The Grout Museum District – named after Henry W. Grout – is a set of museums in Waterloo, Iowa. The District consist of the Grout Museum of History & Science, Bluedorn Science Imaginarium, Rensselaer Russell House Museum, Snowden House and the Sullivan Brothers Iowa Veterans Museum.

General history 
The museum started with the private collection and endowment of Henry W. Grout, a Waterloo financier and legislator. The original Henry W. Grout Historical Museum was dedicated in October 1934.

The district is a nonprofit educational entity and is accredited by the American Alliance of Museums.

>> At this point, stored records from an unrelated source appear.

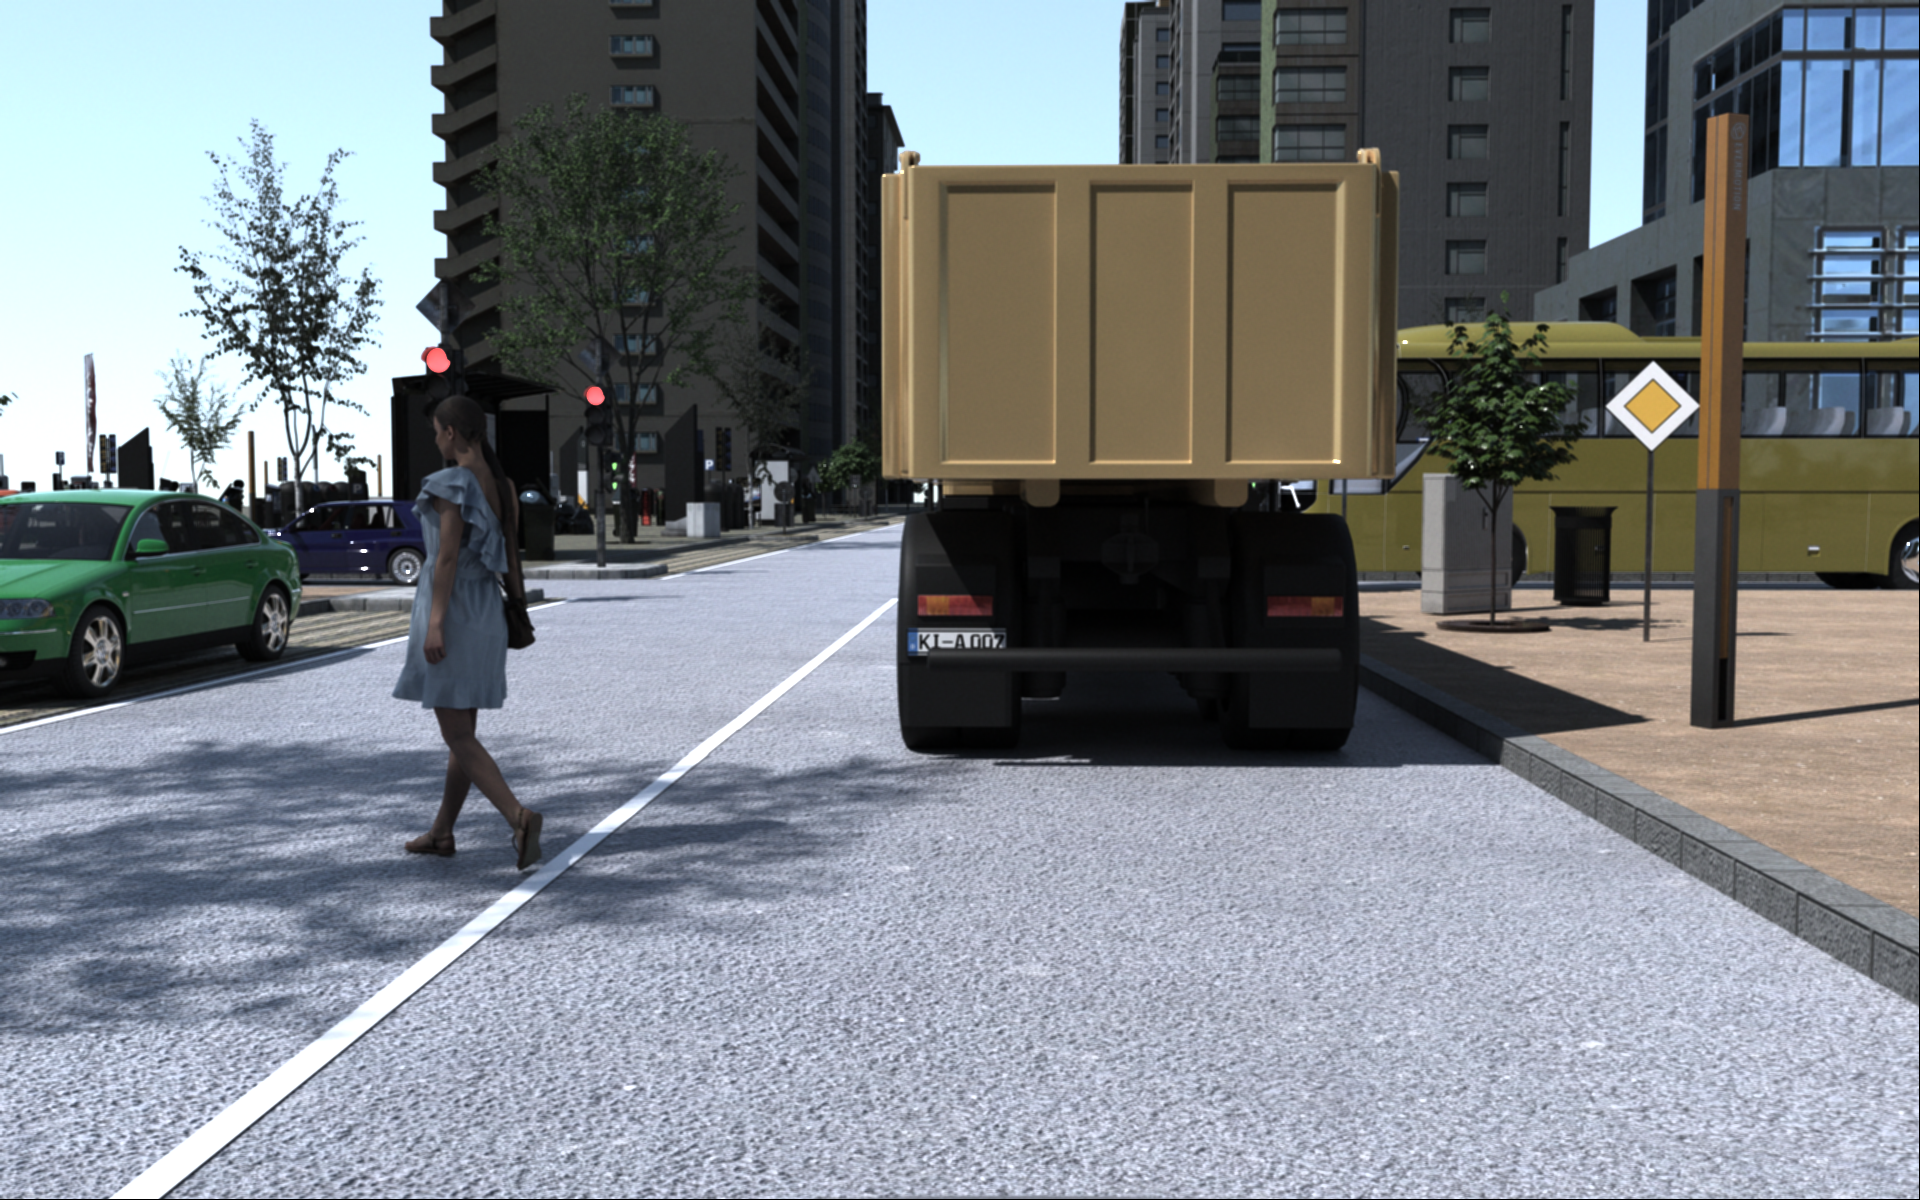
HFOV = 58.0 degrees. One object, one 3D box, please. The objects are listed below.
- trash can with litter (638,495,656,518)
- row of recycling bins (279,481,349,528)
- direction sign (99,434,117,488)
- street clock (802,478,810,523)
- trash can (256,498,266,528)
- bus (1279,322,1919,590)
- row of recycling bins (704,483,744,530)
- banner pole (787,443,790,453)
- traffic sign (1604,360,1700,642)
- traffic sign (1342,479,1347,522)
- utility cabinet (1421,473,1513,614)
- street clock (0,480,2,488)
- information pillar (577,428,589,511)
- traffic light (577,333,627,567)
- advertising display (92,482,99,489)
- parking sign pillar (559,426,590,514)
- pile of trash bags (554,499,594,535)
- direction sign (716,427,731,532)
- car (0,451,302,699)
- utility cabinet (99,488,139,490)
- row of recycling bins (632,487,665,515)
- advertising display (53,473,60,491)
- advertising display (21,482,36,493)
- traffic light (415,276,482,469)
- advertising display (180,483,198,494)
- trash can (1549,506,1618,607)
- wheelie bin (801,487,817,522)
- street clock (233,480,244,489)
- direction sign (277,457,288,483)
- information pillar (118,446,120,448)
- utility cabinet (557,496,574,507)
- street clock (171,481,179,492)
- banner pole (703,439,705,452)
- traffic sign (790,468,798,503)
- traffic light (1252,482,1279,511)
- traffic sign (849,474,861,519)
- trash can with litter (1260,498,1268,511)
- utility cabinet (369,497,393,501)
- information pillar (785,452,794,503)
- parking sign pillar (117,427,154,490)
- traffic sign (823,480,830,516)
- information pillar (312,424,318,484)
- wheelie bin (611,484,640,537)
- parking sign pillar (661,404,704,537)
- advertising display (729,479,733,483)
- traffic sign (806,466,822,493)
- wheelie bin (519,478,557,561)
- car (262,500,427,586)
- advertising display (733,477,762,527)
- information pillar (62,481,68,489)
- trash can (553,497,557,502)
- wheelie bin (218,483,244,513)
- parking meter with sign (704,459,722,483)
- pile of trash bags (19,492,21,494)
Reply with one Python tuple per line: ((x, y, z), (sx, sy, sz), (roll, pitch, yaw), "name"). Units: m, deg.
((-16.615, -5.264, 97.118), (2.233, 1.210, 1.678), (2, 4, 30), "trash can with litter")
((-20.702, -2.972, 55.697), (1.069, 1.692, 3.534), (1, 4, 13), "row of recycling bins")
((-32.277, -4.506, 65.674), (0.876, 3.537, 0.379), (2, 4, 26), "direction sign")
((-6.801, -4.388, 76.309), (0.358, 2.002, 0.471), (1, 4, 9), "street clock")
((-26.319, -3.295, 65.522), (0.748, 1.137, 0.748), (0, 3, 0), "trash can")
((10.652, -2.062, 25.262), (12.252, 3.916, 2.896), (0, 4, 1), "bus")
((-8.646, -3.444, 63.428), (1.069, 1.692, 3.534), (1, 4, 8), "row of recycling bins")
((-8.418, -5.802, 84.884), (0.401, 3.779, 0.863), (-1, 4, -13), "banner pole")
((5.959, -0.843, 14.972), (0.795, 2.450, 0.064), (1, 4, 10), "traffic sign")
((5.038, -1.258, 22.706), (0.606, 2.300, 0.079), (1, 4, 12), "traffic sign")
((5.476, -0.610, 18.646), (1.173, 1.500, 0.318), (-3, 4, -37), "utility cabinet")
((-45.941, -4.773, 82.603), (0.471, 2.002, 0.358), (0, 4, 4), "street clock")
((-13.419, -4.303, 61.713), (0.504, 3.616, 0.183), (3, 4, 38), "information pillar")
((-6.278, -2.531, 30.299), (0.839, 4.253, 0.868), (0, 4, 2), "traffic light")
((-45.991, -5.311, 92.042), (0.123, 1.923, 0.974), (0, 4, -6), "advertising display")
((-15.410, -4.938, 69.212), (1.447, 3.967, 1.447), (3, 4, 37), "parking sign pillar")
((-13.350, -2.732, 54.417), (3.447, 1.369, 1.912), (-2, 4, -32), "pile of trash bags")
((-8.043, -4.095, 58.954), (0.379, 3.537, 0.876), (2, 4, 26), "direction sign")
((-6.800, -0.287, 13.486), (1.959, 1.807, 4.718), (0, 4, 2), "car")
((-28.639, -3.081, 59.045), (1.173, 1.500, 0.318), (-1, 4, -14), "utility cabinet")
((-18.647, -6.006, 105.305), (3.534, 1.692, 1.069), (1, 4, 19), "row of recycling bins")
((-27.910, -2.956, 53.541), (0.123, 1.923, 0.974), (-1, 4, -23), "advertising display")
((-48.547, -5.203, 90.286), (0.123, 1.923, 0.974), (0, 4, 7), "advertising display")
((-6.599, -2.043, 22.321), (0.839, 4.253, 0.868), (0, 4, 2), "traffic light")
((-45.363, -5.914, 101.901), (0.974, 1.923, 0.123), (-1, 4, -13), "advertising display")
((7.141, -0.503, 19.873), (0.748, 1.137, 0.748), (0, 3, 0), "trash can")
((-6.943, -4.370, 79.357), (0.693, 1.594, 0.980), (-1, 4, -15), "wheelie bin")
((-36.193, -5.039, 86.952), (0.471, 2.002, 0.358), (1, 4, 11), "street clock")
((-41.459, -6.974, 106.028), (0.876, 3.537, 0.379), (2, 4, 31), "direction sign")
((-40.519, -5.664, 83.958), (0.504, 3.616, 0.183), (0, 4, -3), "information pillar")
((-13.078, -2.833, 57.483), (0.306, 1.237, 1.020), (-2, 4, -30), "utility cabinet")
((-44.564, -5.732, 98.285), (0.358, 2.002, 0.471), (2, 4, 25), "street clock")
((-11.895, -5.441, 78.972), (0.863, 3.779, 0.401), (1, 4, 22), "banner pole")
((-8.204, -5.110, 83.647), (0.768, 2.556, 0.104), (0, 4, 8), "traffic sign")
((3.954, -2.018, 21.913), (0.839, 4.253, 0.868), (0, 4, 2), "traffic light")
((-5.486, -5.405, 90.494), (0.606, 2.300, 0.079), (1, 4, 9), "traffic sign")
((5.942, -1.298, 32.277), (1.678, 1.210, 2.233), (2, 4, 27), "trash can with litter")
((-14.776, -2.045, 44.594), (1.020, 1.237, 0.306), (2, 4, 34), "utility cabinet")
((-9.476, -6.408, 96.126), (0.504, 3.616, 0.183), (0, 4, 7), "information pillar")
((-33.234, -4.978, 69.856), (1.447, 3.967, 1.447), (0, 4, 5), "parking sign pillar")
((-7.925, -6.132, 100.372), (0.768, 2.556, 0.104), (1, 4, 8), "traffic sign")
((-21.587, -4.076, 57.995), (0.183, 3.616, 0.504), (-2, 4, -31), "information pillar")
((-10.032, -2.697, 52.007), (0.693, 1.594, 0.980), (-3, 5, -39), "wheelie bin")
((-8.342, -3.912, 52.426), (1.447, 3.967, 1.447), (3, 4, 38), "parking sign pillar")
((-9.577, -4.126, 72.676), (0.123, 1.923, 0.974), (-1, 4, -14), "advertising display")
((-6.800, -4.902, 80.147), (0.884, 2.594, 0.081), (1, 4, 11), "traffic sign")
((-8.120, -1.557, 33.365), (0.693, 1.594, 0.980), (-1, 4, -13), "wheelie bin")
((-9.833, -0.926, 27.727), (3.894, 1.354, 1.945), (0, 4, 3), "car")
((-8.201, -3.795, 67.264), (0.974, 1.923, 0.123), (0, 4, 2), "advertising display")
((-48.636, -5.477, 94.048), (0.304, 2.012, 0.304), (1, 4, 23), "information pillar")
((-17.514, -3.866, 74.860), (0.748, 1.137, 0.748), (0, 3, 0), "trash can")
((-20.593, -2.511, 48.957), (0.693, 1.594, 0.980), (-2, 4, -23), "wheelie bin")
((-12.375, -5.598, 87.784), (0.543, 3.016, 1.738), (1, 4, 13), "parking meter with sign")
((-18.717, -1.660, 36.895), (3.447, 1.369, 1.912), (-1, 4, -13), "pile of trash bags")

Grout Museum of History & Science 
By the time of his death, Grout had collected over 2,000 objects. He had established an endowment and named trustees to care for his collection, which was displayed for many years at the local YMCA (now the River Plaza building on 4th Street). The current building (503 South Street) was completed in 1956 and opened to the public as a not-for-profit museum.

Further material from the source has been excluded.